От сумки чертовски болела спина, особенно в начале рейса, а когда скорый поезд кренился на поворотах, надо было удержаться на ногах и не упасть на пассажиров. На первых порах такое бывало и не всегда встречало дружелюбный прием. Хотя иной раз все громко ржали — если он приземлялся на коленях у какой-нибудь пышной, а изредка даже вполне миролюбивой особы, которая кокетливо обнимала его за талию и не отпускала: дескать, наконец-то нашелся долгожданный женишок. Н-да, уверенности в себе у Торстена от этого не прибывало. Сейчас, спустя без малого пятьдесят лет, стоя среди пыли и запаха сырой штукатурки, он по-прежнему заливался краской при воспоминании о тех мучительных минутах.
КНИГИ! ГАЗЕТЫ!
Ближе к Вестеросу становилось полегче. Книжки мало кто покупал. Да и книжки-то ерундовые, чтиво — детективные романы издательства «Вальстрём», назидательные духовные брошюрки и прочая дребедень. Но газеты расходились неплохо. В тревожные и опасные времена они впрямь шли как горячие пирожки. Сумка быстро легчала, и шагать по вагонам тоже было все легче. Тот день, когда в Париже застрелился этот зануда Ивар Крюгер[7], оказался прямо-таки замечательным. Он и половины поезда не прошел, а сумка уже опустела.
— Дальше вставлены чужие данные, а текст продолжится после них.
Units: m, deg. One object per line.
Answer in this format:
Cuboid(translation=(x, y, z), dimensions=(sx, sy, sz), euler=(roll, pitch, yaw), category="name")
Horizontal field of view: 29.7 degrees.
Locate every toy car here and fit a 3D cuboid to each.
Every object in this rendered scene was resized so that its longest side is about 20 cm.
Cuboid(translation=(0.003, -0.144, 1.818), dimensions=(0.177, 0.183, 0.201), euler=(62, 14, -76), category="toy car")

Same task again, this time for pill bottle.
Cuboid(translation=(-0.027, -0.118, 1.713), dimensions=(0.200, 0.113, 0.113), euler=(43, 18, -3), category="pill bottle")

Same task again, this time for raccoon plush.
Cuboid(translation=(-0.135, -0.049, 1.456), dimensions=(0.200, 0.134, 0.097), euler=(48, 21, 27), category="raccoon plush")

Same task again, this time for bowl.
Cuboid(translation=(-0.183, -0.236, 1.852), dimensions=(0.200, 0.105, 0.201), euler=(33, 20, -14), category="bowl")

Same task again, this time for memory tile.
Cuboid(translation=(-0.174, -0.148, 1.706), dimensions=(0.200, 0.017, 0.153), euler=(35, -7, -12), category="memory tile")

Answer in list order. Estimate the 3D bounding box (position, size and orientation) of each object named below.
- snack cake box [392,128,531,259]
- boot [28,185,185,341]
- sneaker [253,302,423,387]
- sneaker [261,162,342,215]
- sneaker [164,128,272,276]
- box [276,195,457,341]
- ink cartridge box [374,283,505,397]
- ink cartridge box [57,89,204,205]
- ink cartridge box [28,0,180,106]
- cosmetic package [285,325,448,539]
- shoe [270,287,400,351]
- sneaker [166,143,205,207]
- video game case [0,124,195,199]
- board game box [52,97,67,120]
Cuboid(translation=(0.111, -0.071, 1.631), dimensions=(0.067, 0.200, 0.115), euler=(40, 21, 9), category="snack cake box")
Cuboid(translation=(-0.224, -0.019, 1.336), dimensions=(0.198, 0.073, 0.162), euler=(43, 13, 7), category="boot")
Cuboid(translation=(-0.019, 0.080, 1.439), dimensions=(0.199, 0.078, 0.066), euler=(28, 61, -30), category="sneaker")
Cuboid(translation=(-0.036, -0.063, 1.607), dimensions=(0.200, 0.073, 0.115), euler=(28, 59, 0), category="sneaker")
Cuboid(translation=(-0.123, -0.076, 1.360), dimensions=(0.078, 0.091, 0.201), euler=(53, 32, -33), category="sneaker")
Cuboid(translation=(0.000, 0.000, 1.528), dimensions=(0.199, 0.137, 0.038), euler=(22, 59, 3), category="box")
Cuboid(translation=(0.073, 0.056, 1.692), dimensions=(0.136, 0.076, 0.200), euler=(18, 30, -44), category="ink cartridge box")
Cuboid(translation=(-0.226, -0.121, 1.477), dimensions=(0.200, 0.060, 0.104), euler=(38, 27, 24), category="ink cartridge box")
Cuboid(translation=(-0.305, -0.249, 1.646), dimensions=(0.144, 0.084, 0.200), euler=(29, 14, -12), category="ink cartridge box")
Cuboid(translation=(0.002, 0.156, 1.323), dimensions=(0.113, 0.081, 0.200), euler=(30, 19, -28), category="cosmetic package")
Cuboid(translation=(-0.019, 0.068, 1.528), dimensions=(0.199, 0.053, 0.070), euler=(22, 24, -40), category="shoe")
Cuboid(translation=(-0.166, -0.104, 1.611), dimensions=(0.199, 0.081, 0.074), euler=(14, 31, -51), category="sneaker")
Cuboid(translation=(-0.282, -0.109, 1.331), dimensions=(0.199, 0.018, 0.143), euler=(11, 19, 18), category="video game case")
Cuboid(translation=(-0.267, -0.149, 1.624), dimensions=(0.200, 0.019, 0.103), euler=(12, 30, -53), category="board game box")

Вернувшись домой в Хальстахаммар, он нередко и правда спиной чувствовал, хороший или плохой выдался день в эпоху Депрессии. Чем хуже день для человечества, тем лучше для спины, так Торстен говаривал про себя.
Так или иначе, в этих поездах, везущих в первом классе кучу упитанных господ, а в третьем — солидных, серьезных крестьян, веселых, шумных деревенских новобранцев и более или менее приличных девиц, было нетрудно заметить, что в этом мире преобладают люди безалаберные и нетрезвые, не то что дома у мамы, в Хальстахаммаре, где больше праведников и трезвенников.
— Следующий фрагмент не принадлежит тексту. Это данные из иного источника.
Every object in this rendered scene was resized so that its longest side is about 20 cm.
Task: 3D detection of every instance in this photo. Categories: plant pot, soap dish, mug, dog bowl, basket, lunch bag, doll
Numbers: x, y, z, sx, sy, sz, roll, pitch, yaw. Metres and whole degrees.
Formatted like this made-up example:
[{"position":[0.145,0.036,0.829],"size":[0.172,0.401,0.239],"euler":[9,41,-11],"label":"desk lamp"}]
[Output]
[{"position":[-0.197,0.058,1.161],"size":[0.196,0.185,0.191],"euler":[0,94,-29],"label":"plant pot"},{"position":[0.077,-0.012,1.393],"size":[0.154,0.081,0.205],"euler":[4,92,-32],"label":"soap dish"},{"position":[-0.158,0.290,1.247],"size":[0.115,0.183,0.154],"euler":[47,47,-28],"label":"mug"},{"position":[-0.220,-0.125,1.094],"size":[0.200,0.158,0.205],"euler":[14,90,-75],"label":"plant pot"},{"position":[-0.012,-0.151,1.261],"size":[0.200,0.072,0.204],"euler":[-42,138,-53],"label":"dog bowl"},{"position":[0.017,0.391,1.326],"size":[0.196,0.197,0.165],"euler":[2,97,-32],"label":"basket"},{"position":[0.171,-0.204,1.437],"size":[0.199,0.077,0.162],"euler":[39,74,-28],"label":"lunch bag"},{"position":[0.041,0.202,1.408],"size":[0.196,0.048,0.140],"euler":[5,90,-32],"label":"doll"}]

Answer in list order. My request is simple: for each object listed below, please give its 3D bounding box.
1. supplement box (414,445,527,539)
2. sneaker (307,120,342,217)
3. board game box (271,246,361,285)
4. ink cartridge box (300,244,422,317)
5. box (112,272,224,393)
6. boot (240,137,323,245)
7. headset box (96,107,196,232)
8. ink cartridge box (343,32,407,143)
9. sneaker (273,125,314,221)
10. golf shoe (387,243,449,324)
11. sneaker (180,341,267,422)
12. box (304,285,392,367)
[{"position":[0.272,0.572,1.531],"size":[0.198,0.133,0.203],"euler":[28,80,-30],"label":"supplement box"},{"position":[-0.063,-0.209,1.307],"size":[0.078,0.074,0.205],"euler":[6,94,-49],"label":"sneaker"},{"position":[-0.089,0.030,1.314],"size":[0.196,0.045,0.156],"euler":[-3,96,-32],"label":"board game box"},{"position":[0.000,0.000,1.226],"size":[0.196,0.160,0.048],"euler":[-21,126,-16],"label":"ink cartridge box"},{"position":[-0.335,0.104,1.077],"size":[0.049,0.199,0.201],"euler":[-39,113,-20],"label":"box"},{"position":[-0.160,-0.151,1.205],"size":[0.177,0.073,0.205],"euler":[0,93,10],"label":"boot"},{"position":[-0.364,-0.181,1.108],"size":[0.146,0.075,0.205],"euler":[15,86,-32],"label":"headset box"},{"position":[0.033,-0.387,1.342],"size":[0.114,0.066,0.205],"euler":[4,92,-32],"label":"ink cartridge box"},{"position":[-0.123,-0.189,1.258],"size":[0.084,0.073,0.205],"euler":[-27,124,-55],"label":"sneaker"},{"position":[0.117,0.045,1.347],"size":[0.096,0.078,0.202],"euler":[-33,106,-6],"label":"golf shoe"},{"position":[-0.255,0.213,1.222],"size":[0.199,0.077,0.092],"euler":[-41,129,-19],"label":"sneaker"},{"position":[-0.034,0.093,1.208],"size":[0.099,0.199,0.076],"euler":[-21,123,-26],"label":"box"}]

Здесь крестьяне, прикрываясь газетами, чтобы проводник не увидел, тайком передавали друг другу литровки и косушки. Здесь юнцы бренчали пивными бутылками в серых бумажных пакетах. А в вагоне-ресторане все шло в открытую, без всякой маскировки. Жуть берет, как подумаешь, что происходящее в поезде — самый обычный фрагмент из жизни безалаберных людей. Но похоже, лекторы не горели желанием выступать перед ними. А уж когда шел призыв в армию или что-нибудь в этом роде, в поезде вовсе черт-те что творилось — и блевали, и безобразничали.
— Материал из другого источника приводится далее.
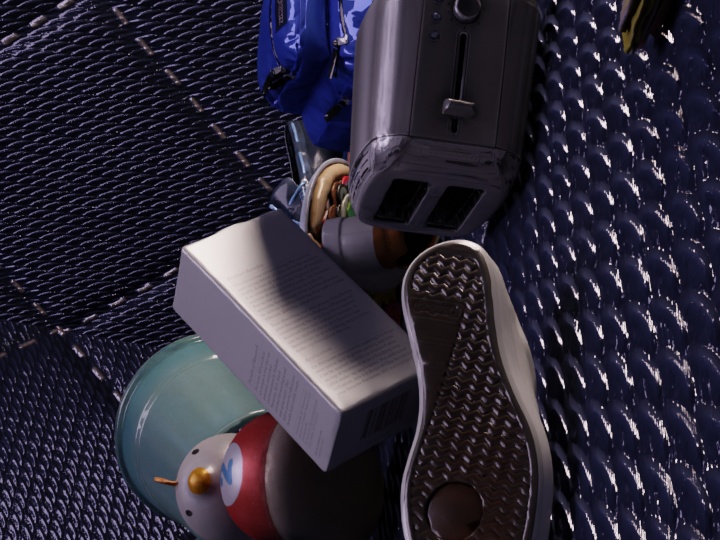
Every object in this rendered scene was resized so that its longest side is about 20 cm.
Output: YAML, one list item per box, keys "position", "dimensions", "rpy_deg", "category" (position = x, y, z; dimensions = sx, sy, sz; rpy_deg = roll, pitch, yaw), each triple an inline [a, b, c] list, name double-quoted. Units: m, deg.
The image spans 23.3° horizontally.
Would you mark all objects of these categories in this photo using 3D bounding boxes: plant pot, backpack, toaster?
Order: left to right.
- position: [-0.115, 0.178, 1.657]
  dimensions: [0.196, 0.199, 0.202]
  rpy_deg: [-150, 70, -67]
  category: "plant pot"
- position: [0.016, -0.186, 1.342]
  dimensions: [0.200, 0.167, 0.164]
  rpy_deg: [142, 127, -65]
  category: "backpack"
- position: [0.048, -0.103, 1.151]
  dimensions: [0.200, 0.113, 0.130]
  rpy_deg: [124, 153, -73]
  category: "toaster"

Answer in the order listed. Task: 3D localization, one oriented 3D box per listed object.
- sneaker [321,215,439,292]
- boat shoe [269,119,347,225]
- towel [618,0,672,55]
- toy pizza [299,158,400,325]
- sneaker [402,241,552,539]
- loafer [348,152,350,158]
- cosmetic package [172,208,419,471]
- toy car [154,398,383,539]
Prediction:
- position: [0.035, -0.020, 1.467]
  dimensions: [0.200, 0.084, 0.073]
  rpy_deg: [-17, -83, -74]
  category: "sneaker"
- position: [-0.053, -0.056, 1.609]
  dimensions: [0.201, 0.068, 0.084]
  rpy_deg: [-87, 11, -45]
  category: "boat shoe"
- position: [0.144, -0.214, 0.811]
  dimensions: [0.144, 0.023, 0.201]
  rpy_deg: [105, 172, -51]
  category: "towel"
- position: [0.000, 0.000, 1.533]
  dimensions: [0.200, 0.031, 0.202]
  rpy_deg: [-8, -90, -68]
  category: "toy pizza"
- position: [0.066, 0.089, 0.872]
  dimensions: [0.085, 0.072, 0.201]
  rpy_deg: [53, -149, -54]
  category: "sneaker"
- position: [0.030, -0.120, 1.635]
  dimensions: [0.200, 0.071, 0.063]
  rpy_deg: [-103, 31, -84]
  category: "loafer"
- position: [-0.046, 0.050, 1.351]
  dimensions: [0.200, 0.101, 0.072]
  rpy_deg: [45, 140, 29]
  category: "cosmetic package"
- position: [-0.098, 0.180, 1.461]
  dimensions: [0.177, 0.199, 0.186]
  rpy_deg: [26, -117, -59]
  category: "toy car"

Вернувшись домой, он был попросту не в силах рассказывать матери обо всех этих бедах. Впрочем, к тому времени она обычно уже спала, усталая и измученная после мытья полов в банке. От всего этого, ну, то есть от безгреховной трезвости детства и юности, Торстен Бергман сохранил в итоге лишь глубокое отвращение к любым формам перегибов и безалаберности. То самое, какое испытывал теперь, не умея разыскать бумажку с «экономическими» выкладками касательно закупки материалов, которую организовал утром.